Collected data:
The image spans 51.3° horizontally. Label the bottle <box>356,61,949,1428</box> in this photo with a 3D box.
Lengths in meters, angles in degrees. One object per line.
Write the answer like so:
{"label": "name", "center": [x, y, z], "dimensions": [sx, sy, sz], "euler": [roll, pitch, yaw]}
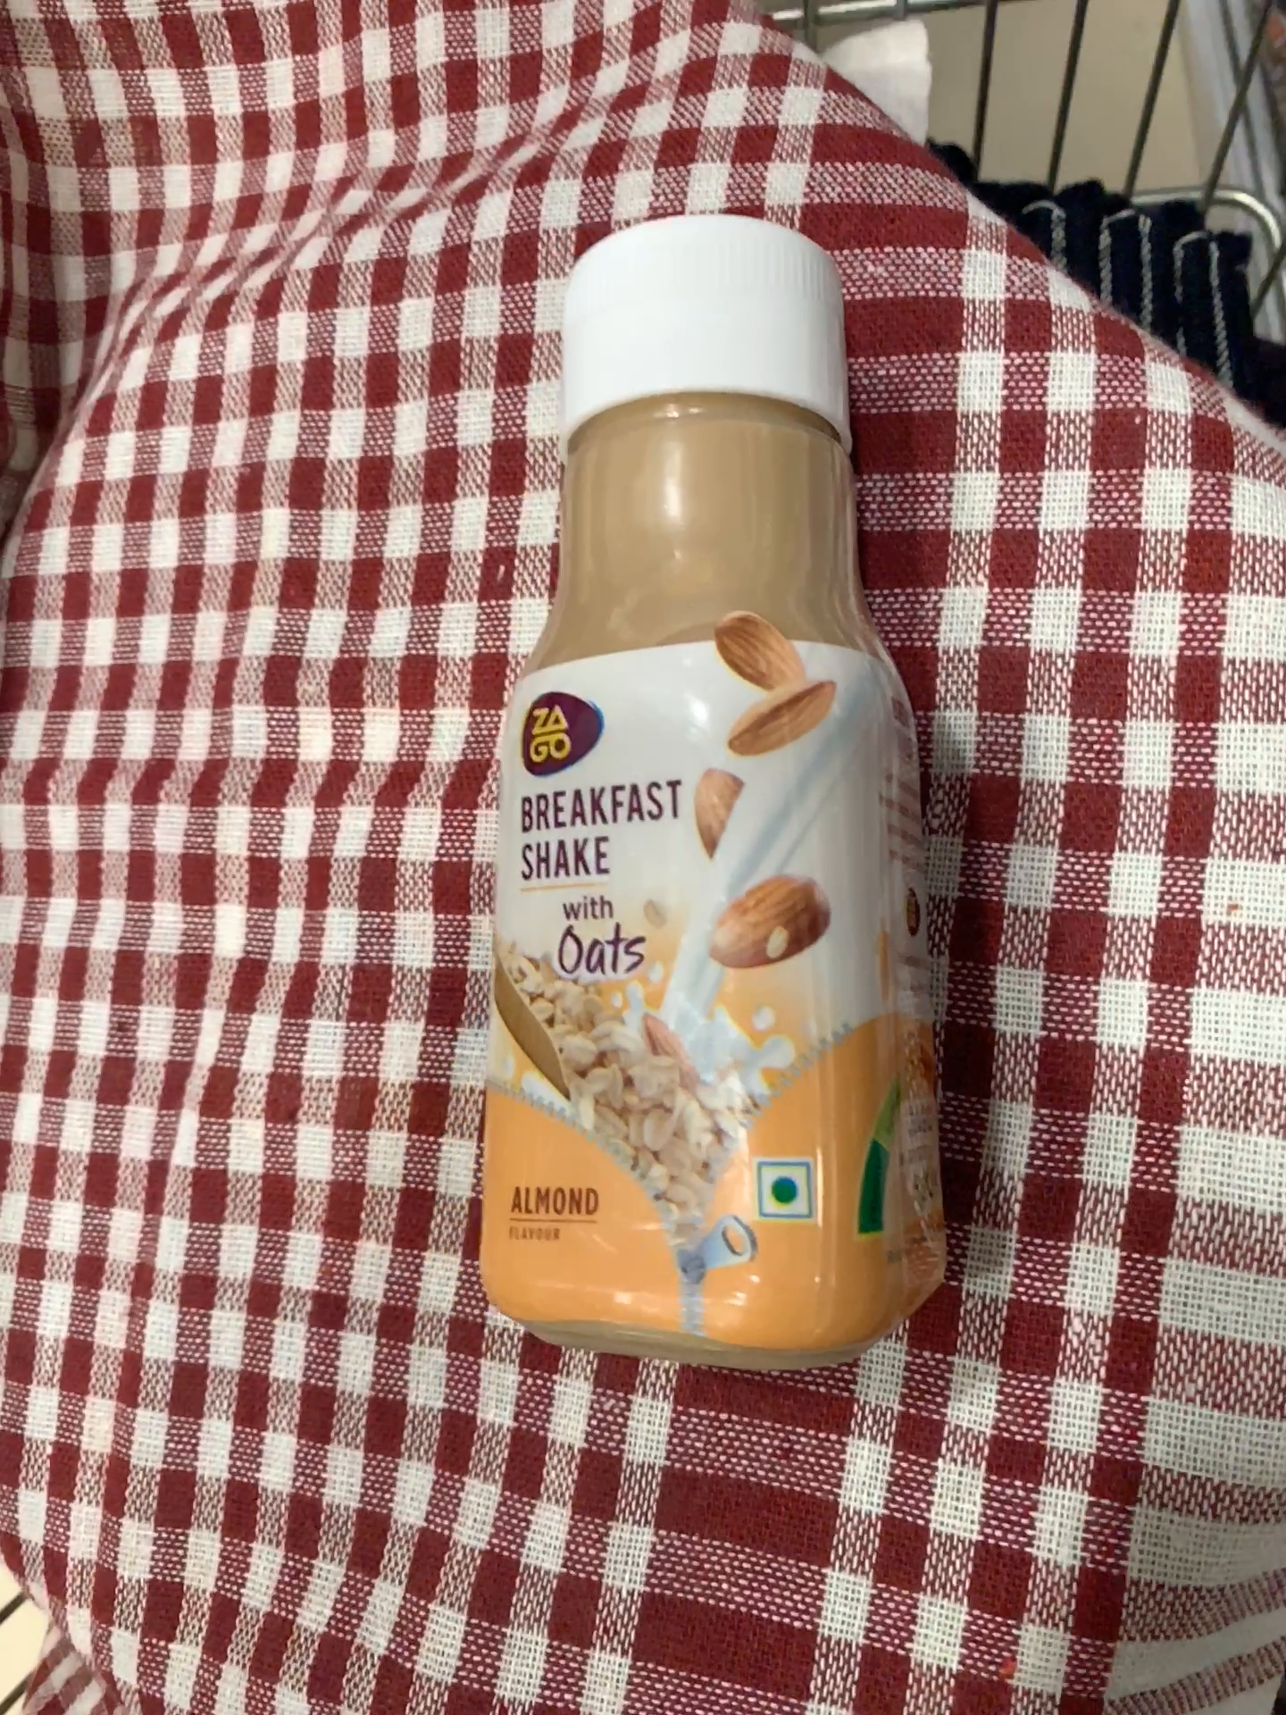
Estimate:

Activity: Could you write out all the records exactly, without the pictures?

Exercise response:
The image spans 51.3° horizontally. Label the bottle <box>356,61,949,1428</box> in this photo with a 3D box.
Lengths in meters, angles in degrees. One object per line.
Write the answer like so:
{"label": "name", "center": [x, y, z], "dimensions": [sx, sy, sz], "euler": [roll, pitch, yaw]}
Estimate:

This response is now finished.